Gabellini 等人通过在数据库中搜索与大鼠 Slc8a3 相似的序列，然后对神经母细胞瘤细胞系总 RNA 进行 RT-PCR（2002）克隆了SLC8A3，他们将其命名为NCX3。推导的 921 个氨基酸的蛋白质包含 5 个跨膜结构域的 N 端簇和 5 个跨膜结构域的 C 端簇。这些簇被一个大的亲水性细胞内环分开。加贝里尼等人（2002） 鉴定了编码细胞内环的外显子中复杂的选择性剪接。在大脑和神经母细胞瘤细胞系中表达的形式具有 9 个外显子中的 7 个，缺乏外显子 3 和 5。除了这种亚型外，还有 2 种其他亚型在骨骼肌中表达：一种仅缺乏外显子 3，另一种缺乏外显子 3， 4和5，导致终止移码。预测的蛋白质大小范围为 68 至 100 kD。 SLC8A3 的编码区分别与 SLC8A1（182305） 和 SLC8A2（601901） 具有 68% 和 71% 的氨基酸同一性，与大鼠 Slc8a3 具有 97% 的同一性。

▼ 基因功能

尼科尔等人（1996） 确定将大鼠 Slc8a3 转染到幼仓鼠肾细胞中，Na（+） 梯度依赖性 Ca（2+） 吸收相对于对照细胞增加了 12 倍。

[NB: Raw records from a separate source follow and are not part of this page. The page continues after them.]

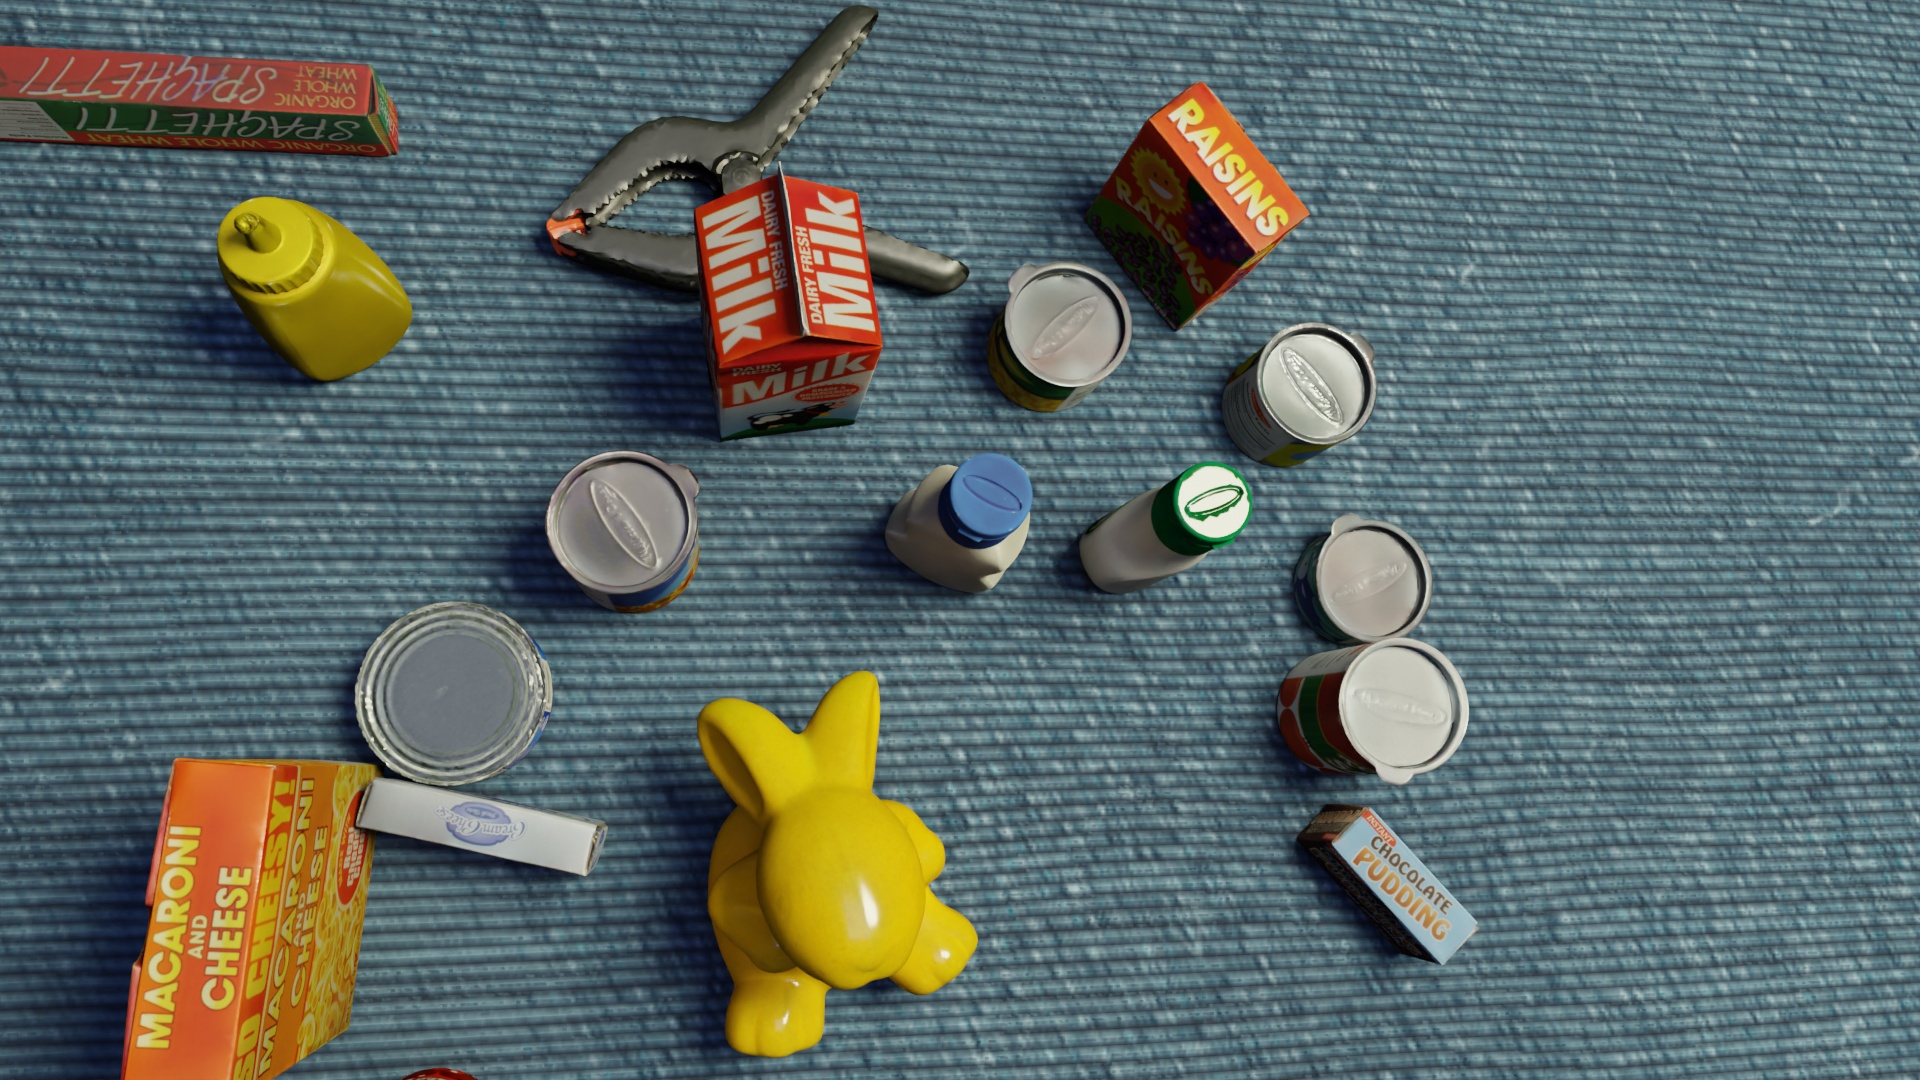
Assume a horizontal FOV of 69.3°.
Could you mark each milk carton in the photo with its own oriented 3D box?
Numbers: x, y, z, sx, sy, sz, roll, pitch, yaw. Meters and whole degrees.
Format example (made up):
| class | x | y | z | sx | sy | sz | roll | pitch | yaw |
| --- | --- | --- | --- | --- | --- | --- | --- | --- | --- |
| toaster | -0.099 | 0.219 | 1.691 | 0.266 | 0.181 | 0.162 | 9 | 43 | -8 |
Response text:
| class | x | y | z | sx | sy | sz | roll | pitch | yaw |
| --- | --- | --- | --- | --- | --- | --- | --- | --- | --- |
| milk carton | -0.081 | -0.103 | 0.639 | 0.073 | 0.190 | 0.072 | -9 | 82 | -11 |

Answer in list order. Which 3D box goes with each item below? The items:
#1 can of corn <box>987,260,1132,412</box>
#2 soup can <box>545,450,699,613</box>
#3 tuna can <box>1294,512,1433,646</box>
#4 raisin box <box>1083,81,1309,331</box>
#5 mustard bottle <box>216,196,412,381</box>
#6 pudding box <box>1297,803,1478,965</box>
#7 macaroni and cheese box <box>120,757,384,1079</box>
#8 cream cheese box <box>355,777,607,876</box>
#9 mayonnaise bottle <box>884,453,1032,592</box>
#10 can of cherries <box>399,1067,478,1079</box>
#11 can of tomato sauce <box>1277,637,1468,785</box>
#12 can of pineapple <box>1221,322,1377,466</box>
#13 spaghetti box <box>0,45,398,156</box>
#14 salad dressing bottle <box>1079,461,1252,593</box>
| class | x | y | z | sx | sy | sz | roll | pitch | yaw |
| --- | --- | --- | --- | --- | --- | --- | --- | --- | --- |
| can of corn | 0.048 | -0.107 | 0.729 | 0.071 | 0.058 | 0.071 | 2 | 80 | -9 |
| soup can | -0.156 | -0.003 | 0.664 | 0.071 | 0.083 | 0.071 | 2 | 80 | -9 |
| tuna can | 0.214 | 0.021 | 0.747 | 0.071 | 0.032 | 0.071 | 2 | 80 | -9 |
| raisin box | 0.118 | -0.168 | 0.718 | 0.040 | 0.123 | 0.086 | -37 | 88 | -13 |
| mustard bottle | -0.294 | -0.118 | 0.622 | 0.065 | 0.160 | 0.049 | -41 | 89 | -13 |
| pudding box | 0.218 | 0.175 | 0.712 | 0.030 | 0.049 | 0.083 | -42 | 89 | -13 |
| macaroni and cheese box | -0.285 | 0.153 | 0.572 | 0.040 | 0.166 | 0.124 | 5 | 80 | -8 |
| cream cheese box | -0.219 | 0.132 | 0.645 | 0.104 | 0.053 | 0.024 | 14 | 79 | -7 |
| mayonnaise bottle | 0.002 | -0.008 | 0.658 | 0.065 | 0.148 | 0.041 | 28 | 78 | -4 |
| can of cherries | -0.238 | 0.271 | 0.615 | 0.071 | 0.058 | 0.071 | 2 | 80 | -9 |
| can of tomato sauce | 0.207 | 0.088 | 0.708 | 0.071 | 0.083 | 0.071 | 2 | 80 | -9 |
| can of pineapple | 0.182 | -0.077 | 0.746 | 0.071 | 0.057 | 0.071 | 2 | 80 | -9 |
| spaghetti box | -0.409 | -0.214 | 0.676 | 0.250 | 0.050 | 0.029 | 0 | 81 | -9 |
| salad dressing bottle | 0.099 | -0.005 | 0.673 | 0.064 | 0.147 | 0.044 | -20 | 84 | -12 |

Gabellini 等人使用启动子-报告基因构建体（2002） 发现神经母细胞瘤细胞中 SLC8A3 启动子的表达受到视黄酸、脑源性神经营养因子（113505） 和 cAMP 水平升高的促进。 Ca（2+） 具有抑制性，且抑制作用是由 CAMK2（参见 114078）指导的 CREB ​​磷酸化（参见 123810）介导的。

▼ 基因结构

加贝里尼等人（2002） 确定 SLC8A3 基因包含 9 个外显子，跨度约为 150 kb。外显子 1 未翻译。

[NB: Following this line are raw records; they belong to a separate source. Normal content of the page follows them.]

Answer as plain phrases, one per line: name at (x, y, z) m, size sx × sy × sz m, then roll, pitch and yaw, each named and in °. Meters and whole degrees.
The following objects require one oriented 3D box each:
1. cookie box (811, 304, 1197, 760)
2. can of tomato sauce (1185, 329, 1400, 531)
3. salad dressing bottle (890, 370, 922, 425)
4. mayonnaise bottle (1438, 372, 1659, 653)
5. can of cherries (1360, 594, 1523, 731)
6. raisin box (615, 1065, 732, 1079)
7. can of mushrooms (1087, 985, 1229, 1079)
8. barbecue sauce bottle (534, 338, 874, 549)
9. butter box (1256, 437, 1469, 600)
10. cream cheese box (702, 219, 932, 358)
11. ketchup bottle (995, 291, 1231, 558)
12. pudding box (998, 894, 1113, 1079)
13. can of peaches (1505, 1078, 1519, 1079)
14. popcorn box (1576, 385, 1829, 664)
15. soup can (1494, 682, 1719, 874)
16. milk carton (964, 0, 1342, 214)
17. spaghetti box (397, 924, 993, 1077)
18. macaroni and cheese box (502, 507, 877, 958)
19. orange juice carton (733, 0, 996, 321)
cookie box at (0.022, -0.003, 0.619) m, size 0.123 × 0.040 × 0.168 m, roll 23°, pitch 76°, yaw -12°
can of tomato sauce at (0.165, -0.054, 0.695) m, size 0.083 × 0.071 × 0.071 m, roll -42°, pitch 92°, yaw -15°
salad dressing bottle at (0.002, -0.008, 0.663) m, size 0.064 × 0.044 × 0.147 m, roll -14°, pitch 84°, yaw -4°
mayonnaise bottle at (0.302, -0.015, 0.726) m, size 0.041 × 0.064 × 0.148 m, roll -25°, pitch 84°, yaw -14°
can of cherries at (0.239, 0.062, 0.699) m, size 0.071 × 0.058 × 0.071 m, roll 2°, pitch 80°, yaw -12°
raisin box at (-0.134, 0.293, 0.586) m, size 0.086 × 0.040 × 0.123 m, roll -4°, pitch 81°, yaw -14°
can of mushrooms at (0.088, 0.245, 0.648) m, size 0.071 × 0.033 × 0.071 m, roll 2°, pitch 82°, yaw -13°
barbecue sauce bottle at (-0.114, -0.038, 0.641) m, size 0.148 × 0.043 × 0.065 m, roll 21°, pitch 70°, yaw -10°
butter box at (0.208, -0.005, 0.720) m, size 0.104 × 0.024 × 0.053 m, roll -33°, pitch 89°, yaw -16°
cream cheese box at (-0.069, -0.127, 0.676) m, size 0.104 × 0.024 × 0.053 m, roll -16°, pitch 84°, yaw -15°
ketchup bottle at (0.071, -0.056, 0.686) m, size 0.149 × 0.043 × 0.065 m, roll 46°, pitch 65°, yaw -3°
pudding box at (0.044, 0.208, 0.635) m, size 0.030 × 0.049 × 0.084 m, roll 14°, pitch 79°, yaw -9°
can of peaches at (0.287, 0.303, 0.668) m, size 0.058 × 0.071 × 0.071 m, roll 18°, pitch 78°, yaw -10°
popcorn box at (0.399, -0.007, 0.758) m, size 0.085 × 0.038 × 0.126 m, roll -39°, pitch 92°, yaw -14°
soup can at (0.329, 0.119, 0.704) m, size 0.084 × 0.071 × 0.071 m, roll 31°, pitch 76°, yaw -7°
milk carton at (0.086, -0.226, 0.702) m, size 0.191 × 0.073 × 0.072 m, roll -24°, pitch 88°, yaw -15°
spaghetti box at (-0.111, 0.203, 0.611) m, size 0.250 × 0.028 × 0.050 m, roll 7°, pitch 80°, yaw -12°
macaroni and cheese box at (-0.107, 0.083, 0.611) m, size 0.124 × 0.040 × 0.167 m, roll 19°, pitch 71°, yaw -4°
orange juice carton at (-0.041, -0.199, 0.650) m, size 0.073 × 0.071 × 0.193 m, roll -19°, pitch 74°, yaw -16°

加贝里尼等人（2002）确定SLC8A3的启动子区域包含一个TATA框和几个GC框，表明组成型转录。它还包括大脑特异性 AP2（107580） 转录因子和肌肉特异性 MyoD（159970）、GATA2（137295） 和 GATA3（131320） 的结合位点。

▼ 测绘

通过基因组序列分析，Gabellini 等人（2002） 将 SLC8A3 基因定位到染色体 14q24.2。尼科尔等人（1996） 将小鼠 Slc8a3 基因对应到染色体 12。

▼ 动物模型

索科洛等人（2004） 培育了缺乏 Ncx3 的小鼠。 Ncx3缺陷的小鼠出现骨骼肌纤维坏死和神经肌肉传递缺陷，反映出肌纤维肌膜和神经肌肉接头处缺乏Ncx3。神经肌肉传递缺陷的特征是存在肌电图异常。研究结果表明，NCX3 在体内控制骨骼肌纤维和神经肌肉接头的 Ca（2+） 浓度方面发挥着重要作用。

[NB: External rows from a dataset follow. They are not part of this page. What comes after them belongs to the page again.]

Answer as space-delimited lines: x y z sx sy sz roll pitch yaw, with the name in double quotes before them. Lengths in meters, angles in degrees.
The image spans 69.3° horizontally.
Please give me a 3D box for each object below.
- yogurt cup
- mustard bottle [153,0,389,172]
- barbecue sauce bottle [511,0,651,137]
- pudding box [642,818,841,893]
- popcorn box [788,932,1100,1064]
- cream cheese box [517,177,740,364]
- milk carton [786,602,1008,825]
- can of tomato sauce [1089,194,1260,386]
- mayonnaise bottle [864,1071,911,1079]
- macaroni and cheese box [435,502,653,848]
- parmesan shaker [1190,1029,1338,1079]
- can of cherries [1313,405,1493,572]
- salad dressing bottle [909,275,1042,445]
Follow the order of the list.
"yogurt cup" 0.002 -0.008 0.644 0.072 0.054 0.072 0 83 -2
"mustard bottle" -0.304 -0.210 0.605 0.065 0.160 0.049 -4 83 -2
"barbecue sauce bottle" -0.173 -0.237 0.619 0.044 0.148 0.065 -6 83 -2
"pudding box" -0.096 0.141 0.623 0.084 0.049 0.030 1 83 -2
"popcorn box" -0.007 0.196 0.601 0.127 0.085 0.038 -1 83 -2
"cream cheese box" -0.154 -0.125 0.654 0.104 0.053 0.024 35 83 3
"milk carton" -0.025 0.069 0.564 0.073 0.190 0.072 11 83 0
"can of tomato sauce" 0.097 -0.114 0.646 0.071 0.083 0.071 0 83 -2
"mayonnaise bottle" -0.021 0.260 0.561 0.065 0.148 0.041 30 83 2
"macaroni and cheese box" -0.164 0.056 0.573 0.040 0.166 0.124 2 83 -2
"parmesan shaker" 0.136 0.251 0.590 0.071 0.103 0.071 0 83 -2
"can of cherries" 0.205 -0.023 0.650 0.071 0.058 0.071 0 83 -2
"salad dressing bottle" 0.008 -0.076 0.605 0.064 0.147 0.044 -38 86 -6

莫利纳罗等人（2008） 证明，与对照组相比，小鼠 Ncx3 基因的纯合性消融增加了大脑中动脉闭塞后缺血性脑损伤的程度，特别是颞顶皮质。与野生型细胞相比，培养的 Ncx3 缺陷小鼠海马细胞在缺氧葡萄糖剥夺时细胞死亡显着增加。缺氧条件增加了野生型细胞中转运蛋白的反向模式，但这种反向电流在 Ncx3 缺陷细胞中显着降低。研究结果表明，由于 Ncx3 的缺失，Ca（2+） 和 Na（+） 稳态受损。莫利纳罗等人（2008）指出NCX3活性不依赖于ATP，因此即使在缺血条件下也能正常发挥作用，并表明野生型Ncx3可能通过在初始阶段降低细胞Na（+）含量而在缺氧条件下产生有益作用。